What was unique about his teaching style?

When I was working with Greg he told me he wanted me (and this was his goal for all the people that he worked with) to get to the point where you can know that your stuff is good enough to send out, that you don't need a workshop or a professor to say, "Yeah this is ready." That you learn when it's ready to go. Greg is kind and has a great sense of humor, but he is also completely serious about writing. He is always willing to, as he says we must do with our writing, "say the toughest thing." There were times when I would come away from talking with him just totally inspired, and other times when I would come away feeling completely frustrated. Which is probably about right when it comes to writing.

Do you have a favorite writing prompt or exercise that you have done in your workshop class?

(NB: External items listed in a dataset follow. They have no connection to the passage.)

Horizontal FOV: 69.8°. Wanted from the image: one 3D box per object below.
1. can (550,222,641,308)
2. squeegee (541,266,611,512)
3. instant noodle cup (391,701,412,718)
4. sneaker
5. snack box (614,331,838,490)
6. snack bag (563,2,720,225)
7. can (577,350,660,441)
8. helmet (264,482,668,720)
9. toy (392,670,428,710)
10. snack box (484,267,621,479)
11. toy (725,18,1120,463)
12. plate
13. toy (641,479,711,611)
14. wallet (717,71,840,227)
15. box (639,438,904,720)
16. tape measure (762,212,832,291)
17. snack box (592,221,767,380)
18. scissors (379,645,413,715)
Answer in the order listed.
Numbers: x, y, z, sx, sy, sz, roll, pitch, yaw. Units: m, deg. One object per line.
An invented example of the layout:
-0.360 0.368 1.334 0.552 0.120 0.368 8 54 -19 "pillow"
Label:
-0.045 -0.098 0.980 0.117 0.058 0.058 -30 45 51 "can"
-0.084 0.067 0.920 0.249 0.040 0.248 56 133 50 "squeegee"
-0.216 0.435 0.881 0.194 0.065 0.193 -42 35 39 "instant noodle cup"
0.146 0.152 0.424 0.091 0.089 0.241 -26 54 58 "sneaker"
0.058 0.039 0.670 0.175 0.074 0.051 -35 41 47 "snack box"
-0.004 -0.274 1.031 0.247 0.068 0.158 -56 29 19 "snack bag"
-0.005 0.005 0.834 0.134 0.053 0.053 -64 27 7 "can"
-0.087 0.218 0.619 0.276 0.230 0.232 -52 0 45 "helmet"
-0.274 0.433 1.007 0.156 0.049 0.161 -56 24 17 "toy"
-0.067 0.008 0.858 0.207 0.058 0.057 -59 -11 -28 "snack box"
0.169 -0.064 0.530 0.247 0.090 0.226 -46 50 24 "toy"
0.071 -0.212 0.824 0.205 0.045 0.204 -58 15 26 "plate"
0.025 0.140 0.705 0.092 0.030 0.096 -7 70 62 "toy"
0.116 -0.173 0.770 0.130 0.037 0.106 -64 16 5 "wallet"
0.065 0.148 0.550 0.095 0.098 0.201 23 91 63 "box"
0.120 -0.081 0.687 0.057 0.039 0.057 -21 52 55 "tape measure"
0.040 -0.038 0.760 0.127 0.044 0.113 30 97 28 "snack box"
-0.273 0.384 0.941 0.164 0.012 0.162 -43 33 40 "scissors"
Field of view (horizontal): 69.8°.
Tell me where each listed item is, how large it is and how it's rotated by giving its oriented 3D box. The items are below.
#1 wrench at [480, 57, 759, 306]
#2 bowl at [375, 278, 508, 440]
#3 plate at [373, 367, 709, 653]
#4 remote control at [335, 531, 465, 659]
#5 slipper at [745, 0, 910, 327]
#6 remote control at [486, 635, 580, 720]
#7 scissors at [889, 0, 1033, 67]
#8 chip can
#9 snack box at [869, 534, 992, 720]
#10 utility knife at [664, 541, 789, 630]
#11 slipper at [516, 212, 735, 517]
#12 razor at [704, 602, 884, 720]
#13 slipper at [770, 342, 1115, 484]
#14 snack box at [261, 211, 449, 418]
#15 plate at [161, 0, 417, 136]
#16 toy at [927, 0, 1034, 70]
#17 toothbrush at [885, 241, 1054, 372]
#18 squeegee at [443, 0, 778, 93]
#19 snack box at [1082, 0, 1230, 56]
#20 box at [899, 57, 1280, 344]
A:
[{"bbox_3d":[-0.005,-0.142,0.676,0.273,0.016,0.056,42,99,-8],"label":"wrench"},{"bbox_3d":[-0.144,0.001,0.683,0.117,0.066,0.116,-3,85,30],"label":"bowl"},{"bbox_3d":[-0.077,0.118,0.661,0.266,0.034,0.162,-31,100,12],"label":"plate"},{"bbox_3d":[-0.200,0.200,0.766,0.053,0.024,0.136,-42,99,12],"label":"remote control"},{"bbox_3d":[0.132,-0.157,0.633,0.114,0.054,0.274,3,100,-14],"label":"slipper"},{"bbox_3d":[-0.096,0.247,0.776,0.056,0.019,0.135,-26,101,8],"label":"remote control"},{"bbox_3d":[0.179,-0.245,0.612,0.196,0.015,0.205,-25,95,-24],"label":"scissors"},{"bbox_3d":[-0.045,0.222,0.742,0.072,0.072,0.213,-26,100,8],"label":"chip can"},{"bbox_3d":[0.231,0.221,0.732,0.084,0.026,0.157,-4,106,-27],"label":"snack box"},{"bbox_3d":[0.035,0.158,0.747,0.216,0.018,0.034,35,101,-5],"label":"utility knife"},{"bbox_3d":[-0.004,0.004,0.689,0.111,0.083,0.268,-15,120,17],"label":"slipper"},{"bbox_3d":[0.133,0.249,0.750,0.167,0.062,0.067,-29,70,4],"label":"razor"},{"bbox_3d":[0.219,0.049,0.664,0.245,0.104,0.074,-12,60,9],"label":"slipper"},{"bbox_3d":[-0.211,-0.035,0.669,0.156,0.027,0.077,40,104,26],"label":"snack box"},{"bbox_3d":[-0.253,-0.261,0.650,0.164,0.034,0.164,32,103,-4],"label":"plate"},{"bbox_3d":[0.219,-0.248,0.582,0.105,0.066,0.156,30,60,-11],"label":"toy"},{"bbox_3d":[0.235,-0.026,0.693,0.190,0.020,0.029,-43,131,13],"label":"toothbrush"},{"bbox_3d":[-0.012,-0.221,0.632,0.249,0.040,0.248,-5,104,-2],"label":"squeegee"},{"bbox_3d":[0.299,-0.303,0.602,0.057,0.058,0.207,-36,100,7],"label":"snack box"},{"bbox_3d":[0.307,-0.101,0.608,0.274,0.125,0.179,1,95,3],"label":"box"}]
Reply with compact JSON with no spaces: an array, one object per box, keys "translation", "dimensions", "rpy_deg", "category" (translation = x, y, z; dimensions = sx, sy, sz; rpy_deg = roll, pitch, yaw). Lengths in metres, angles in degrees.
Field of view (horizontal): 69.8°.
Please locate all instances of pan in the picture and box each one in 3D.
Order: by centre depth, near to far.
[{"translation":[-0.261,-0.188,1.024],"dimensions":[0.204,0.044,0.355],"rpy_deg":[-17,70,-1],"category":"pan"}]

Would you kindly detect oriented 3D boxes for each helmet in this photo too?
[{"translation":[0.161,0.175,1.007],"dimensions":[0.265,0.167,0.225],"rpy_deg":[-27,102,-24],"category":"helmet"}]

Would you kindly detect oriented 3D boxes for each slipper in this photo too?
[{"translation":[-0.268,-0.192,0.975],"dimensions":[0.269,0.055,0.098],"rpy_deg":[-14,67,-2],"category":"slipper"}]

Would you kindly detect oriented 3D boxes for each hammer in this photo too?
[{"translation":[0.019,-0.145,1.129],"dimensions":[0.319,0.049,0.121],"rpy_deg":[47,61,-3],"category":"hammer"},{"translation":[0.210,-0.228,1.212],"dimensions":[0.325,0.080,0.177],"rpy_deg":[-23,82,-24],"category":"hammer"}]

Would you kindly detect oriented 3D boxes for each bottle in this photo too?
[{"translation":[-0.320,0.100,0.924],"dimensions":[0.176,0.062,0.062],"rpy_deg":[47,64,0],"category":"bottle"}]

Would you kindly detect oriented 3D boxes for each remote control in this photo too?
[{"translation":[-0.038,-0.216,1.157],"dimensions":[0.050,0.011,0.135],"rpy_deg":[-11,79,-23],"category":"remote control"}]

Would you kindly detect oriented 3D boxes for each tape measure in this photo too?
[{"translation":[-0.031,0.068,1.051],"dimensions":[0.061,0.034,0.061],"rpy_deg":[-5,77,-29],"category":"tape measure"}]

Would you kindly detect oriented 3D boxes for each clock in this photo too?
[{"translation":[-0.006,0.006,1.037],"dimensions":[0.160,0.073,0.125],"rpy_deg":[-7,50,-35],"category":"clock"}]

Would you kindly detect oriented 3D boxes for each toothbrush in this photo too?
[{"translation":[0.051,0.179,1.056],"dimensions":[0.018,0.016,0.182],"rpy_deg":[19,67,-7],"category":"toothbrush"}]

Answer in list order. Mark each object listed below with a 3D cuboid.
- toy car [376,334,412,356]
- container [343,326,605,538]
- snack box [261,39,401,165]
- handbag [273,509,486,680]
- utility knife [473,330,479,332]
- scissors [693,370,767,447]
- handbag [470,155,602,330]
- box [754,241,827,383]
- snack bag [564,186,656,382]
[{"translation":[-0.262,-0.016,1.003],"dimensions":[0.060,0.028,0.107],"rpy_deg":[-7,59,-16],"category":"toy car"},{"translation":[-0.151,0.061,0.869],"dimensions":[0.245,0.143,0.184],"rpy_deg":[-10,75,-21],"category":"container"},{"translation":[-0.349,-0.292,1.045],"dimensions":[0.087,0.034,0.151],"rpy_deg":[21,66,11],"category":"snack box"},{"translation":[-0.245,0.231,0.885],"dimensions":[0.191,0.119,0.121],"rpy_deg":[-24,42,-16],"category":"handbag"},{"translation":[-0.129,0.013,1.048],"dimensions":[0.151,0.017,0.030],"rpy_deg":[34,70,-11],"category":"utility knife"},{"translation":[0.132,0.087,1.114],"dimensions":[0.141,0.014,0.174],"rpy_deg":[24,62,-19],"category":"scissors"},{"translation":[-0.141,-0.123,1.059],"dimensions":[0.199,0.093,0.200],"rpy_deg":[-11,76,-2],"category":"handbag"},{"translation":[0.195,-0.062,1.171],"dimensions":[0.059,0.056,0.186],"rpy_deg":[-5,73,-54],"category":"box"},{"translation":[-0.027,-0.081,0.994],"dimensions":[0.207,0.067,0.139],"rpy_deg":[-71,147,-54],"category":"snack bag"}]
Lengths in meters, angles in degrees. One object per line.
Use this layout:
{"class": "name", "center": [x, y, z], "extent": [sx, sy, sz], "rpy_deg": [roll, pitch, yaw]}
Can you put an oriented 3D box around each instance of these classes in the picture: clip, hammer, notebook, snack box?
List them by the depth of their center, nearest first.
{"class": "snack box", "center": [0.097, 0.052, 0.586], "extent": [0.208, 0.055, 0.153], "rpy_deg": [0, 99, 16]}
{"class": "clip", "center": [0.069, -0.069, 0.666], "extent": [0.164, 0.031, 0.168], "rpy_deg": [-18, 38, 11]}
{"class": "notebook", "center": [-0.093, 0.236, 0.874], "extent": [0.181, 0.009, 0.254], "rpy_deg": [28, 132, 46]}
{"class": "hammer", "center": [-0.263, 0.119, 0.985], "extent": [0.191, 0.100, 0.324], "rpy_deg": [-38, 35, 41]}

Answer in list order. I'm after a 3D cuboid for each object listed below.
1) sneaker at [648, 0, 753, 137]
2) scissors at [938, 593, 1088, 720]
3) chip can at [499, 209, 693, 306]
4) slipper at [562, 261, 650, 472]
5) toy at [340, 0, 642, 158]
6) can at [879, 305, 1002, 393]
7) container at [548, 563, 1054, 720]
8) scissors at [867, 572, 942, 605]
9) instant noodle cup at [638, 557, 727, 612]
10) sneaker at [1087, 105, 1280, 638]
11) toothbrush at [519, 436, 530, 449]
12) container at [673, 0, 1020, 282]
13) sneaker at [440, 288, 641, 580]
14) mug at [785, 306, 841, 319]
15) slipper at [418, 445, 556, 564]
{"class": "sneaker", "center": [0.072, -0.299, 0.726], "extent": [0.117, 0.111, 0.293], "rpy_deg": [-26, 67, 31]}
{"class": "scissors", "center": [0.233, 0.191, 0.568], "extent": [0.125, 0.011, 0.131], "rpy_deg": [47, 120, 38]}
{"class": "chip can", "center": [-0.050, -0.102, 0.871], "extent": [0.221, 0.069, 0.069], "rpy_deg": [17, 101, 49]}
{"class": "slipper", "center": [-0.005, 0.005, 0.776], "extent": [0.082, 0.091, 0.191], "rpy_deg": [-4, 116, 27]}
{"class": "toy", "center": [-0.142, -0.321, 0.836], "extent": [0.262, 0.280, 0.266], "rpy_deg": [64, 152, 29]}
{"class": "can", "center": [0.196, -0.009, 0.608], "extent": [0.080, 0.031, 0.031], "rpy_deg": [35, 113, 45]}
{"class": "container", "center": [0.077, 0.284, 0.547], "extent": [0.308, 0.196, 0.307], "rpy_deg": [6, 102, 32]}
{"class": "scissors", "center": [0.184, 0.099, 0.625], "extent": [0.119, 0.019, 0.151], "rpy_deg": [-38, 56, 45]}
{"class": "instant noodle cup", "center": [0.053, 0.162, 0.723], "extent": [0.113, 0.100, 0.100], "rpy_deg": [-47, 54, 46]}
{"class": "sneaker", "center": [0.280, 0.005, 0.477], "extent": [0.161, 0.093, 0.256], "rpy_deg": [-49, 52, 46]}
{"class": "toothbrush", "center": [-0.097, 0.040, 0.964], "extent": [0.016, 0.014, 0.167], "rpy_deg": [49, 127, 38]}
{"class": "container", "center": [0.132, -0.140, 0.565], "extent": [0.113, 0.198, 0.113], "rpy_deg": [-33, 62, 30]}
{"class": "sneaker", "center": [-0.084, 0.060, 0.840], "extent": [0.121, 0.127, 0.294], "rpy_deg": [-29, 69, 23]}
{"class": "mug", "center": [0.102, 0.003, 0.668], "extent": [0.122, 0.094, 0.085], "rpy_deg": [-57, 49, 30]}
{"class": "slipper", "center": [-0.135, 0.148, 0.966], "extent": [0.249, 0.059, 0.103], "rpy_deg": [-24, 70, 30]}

When we workshop I have everybody read everybody else's essay and then I provide the class with what I call a "peer response buffet" which is a list of twelve or thirteen different craft features to pay attention to and I ask the students to write a peer response looking at one to three or four of those craft features. It could be anything from persona, to narrative arc, arc of change, to what did you like about this and do you want more of it. It's just a list of specific questions that students can go through and address, a lens through which to see the essay that they're workshopping, so they're not just saying, "Oh yeah this is really good. I like it" or "This isn't really working for me, but I don't know why." Because it's not really helpful, frankly, to have somebody say, "Yeah, this is great."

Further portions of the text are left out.